What's On TV, 30th March 2009

A welcome return to the small screen for Richard Herring's taller, (marginally) slimmer and deadpan former partner. Mixing standup comedy about a particular subject - in this case, the phenomenon of 'toilet books' - interspersed with relevant sketches, this showed Lee at his witty, caustic best. We'll definitely be tuning in again.
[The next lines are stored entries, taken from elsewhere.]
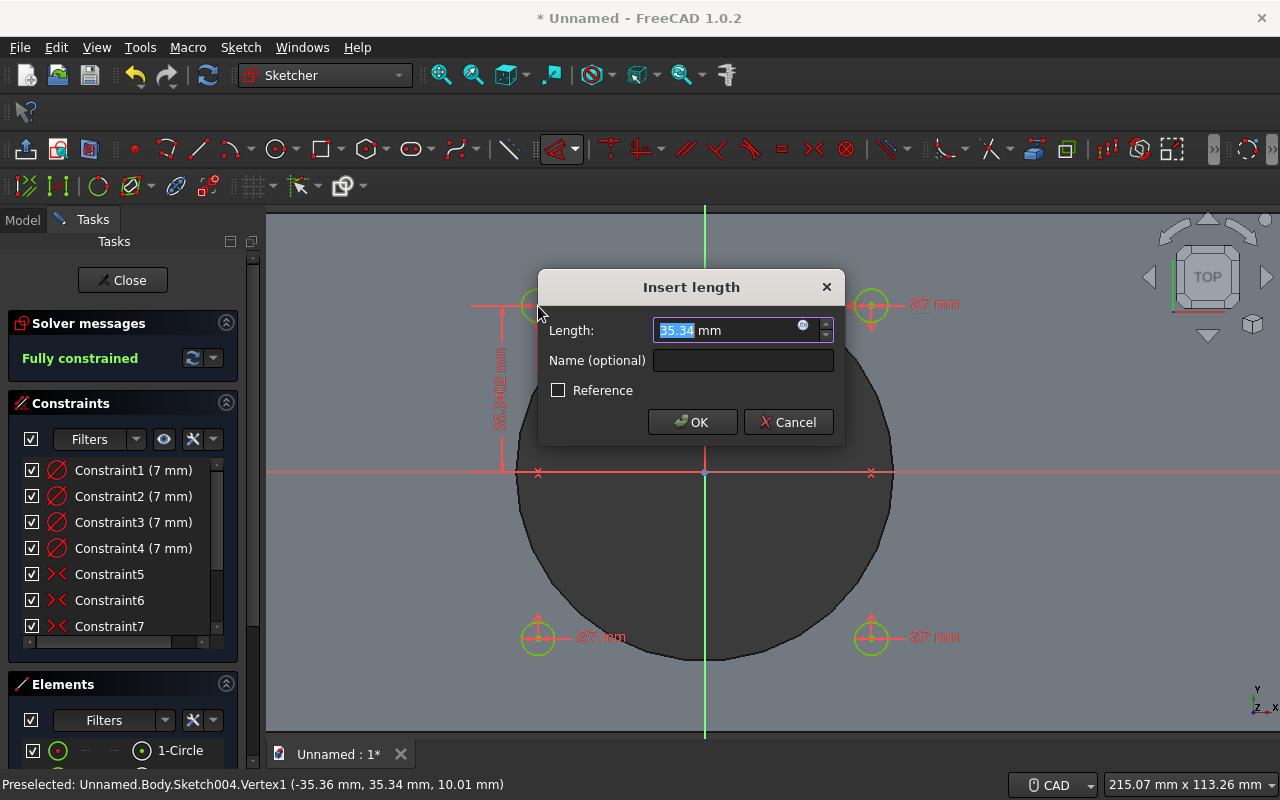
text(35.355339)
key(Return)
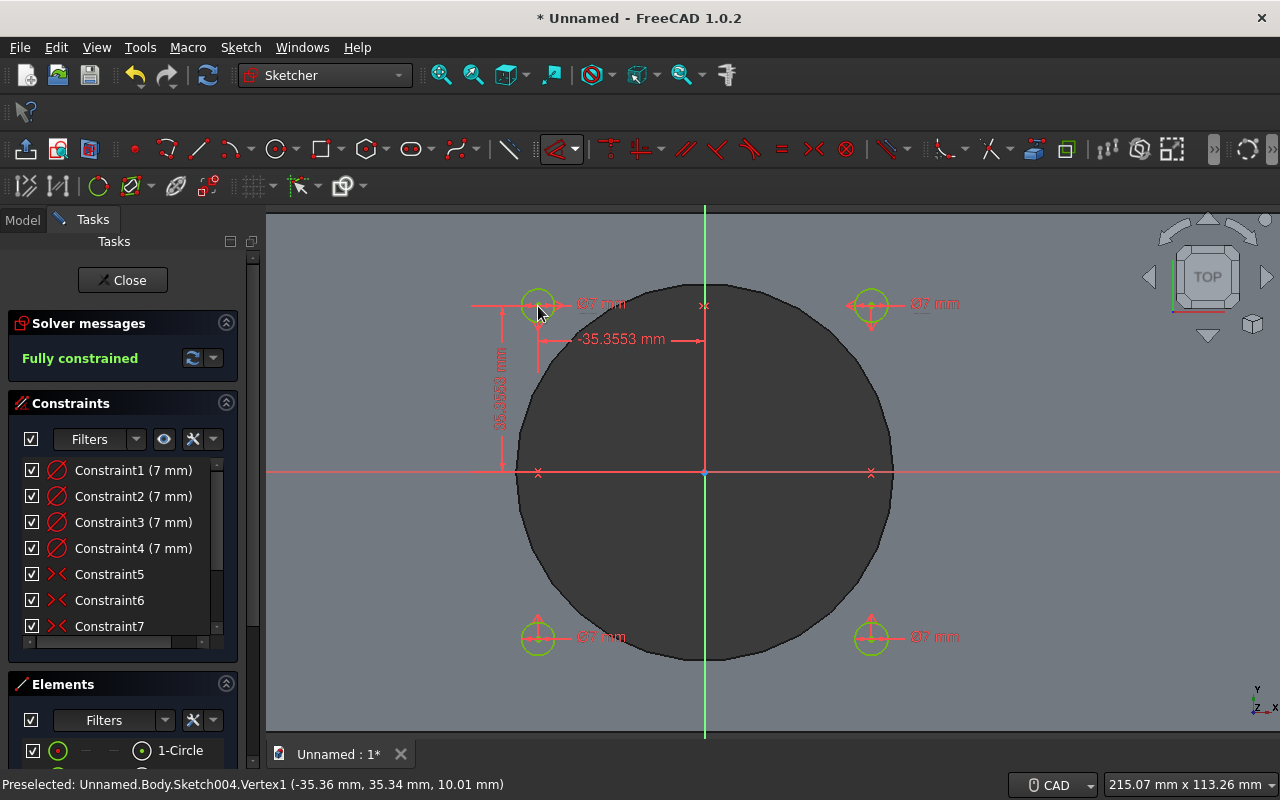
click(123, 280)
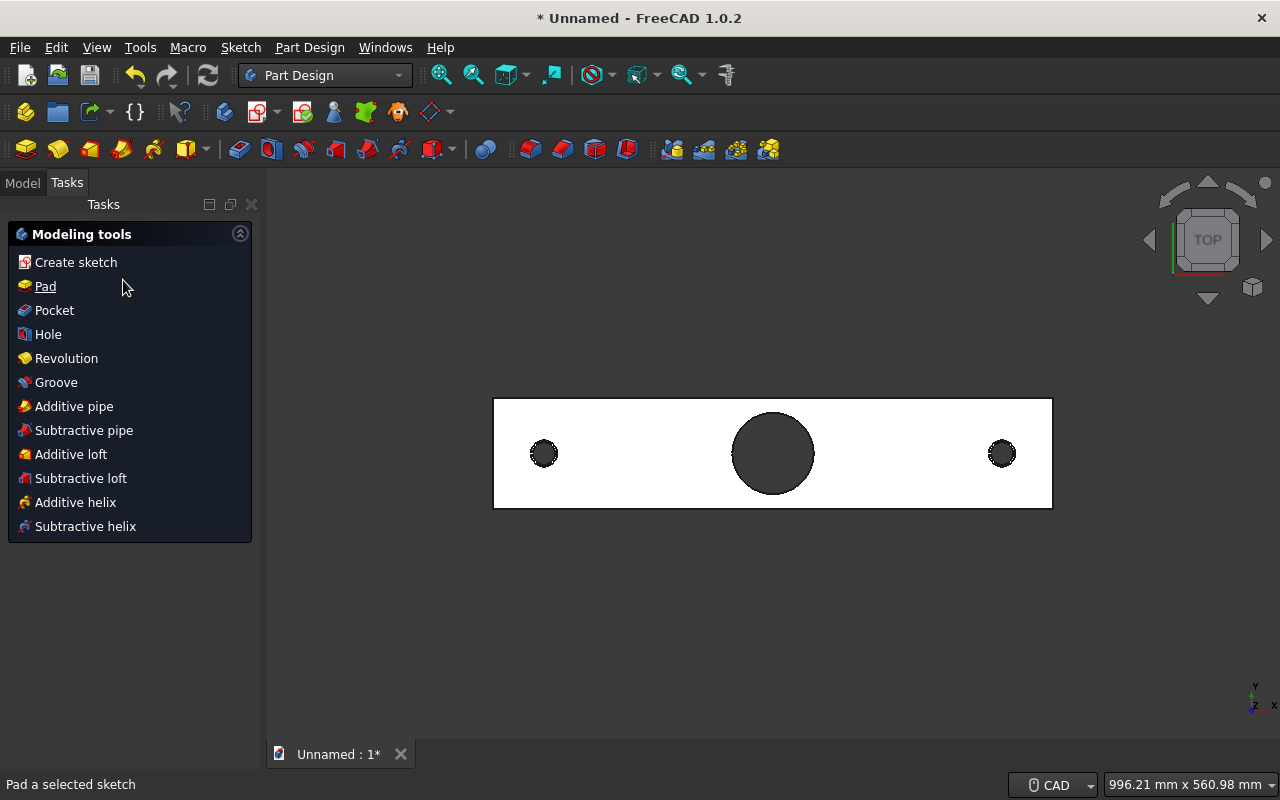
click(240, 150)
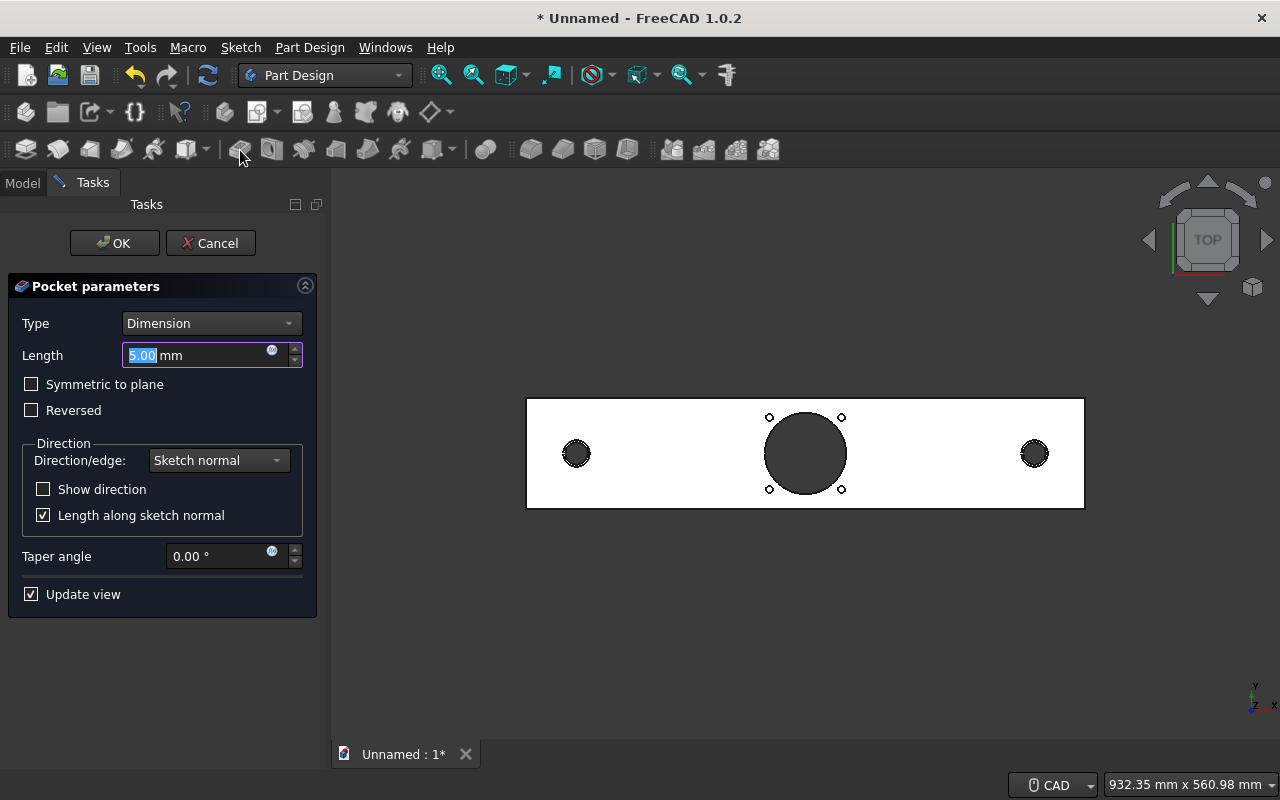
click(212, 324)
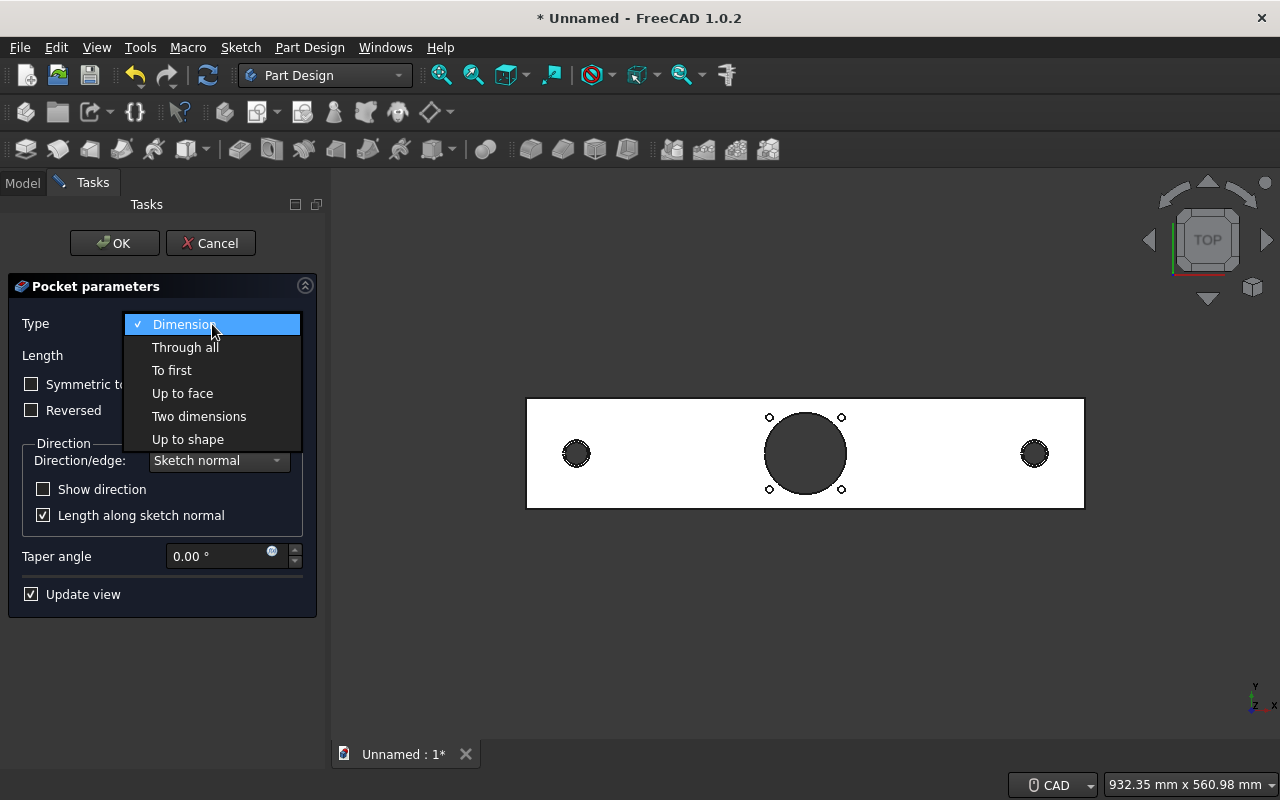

The Custard TV, 17th March 2009

Stewart Lee, stand-up comic par excellence and TV partner of Richard Herring, returns to prime-time television with this six-part series of sketches and routines, each week taking a new theme. His first is the "toilet book", by which he means the kind of publication one might keep in a bathroom, rather than a Bathstore catalogue. "For some reason," says Lee, "someone, somewhere, thought history, fiction, poetry and the like weren't enough any more, and so they invented celebrity hardbacks, tragic lives and Dan Brown." That gives Lee an excuse to examine works by Asher D and Paddy McGinty, and to wonder what would happen if Da Vinci Code author Dan Brown got a job where he had to break bad news - melodramatic doesn't exactly cover it. Indeed, Lee's strength often comes from a peculiar sense of tongue-in-cheek but nevertheless righteous anger about his subjects: "What does it say about our culture that the word 'toilet' can be appended to the word 'book'?" he asks. "Toilet seat, yes. Toilet paper, yes. Toilet duck - you can even have toilet duck. But toilet book - surely not?" It's hard not to agree. Simon Munnery is among Lee's impressive line-up of co-stars, while comedian Peter Serafinowicz provides the voice-over.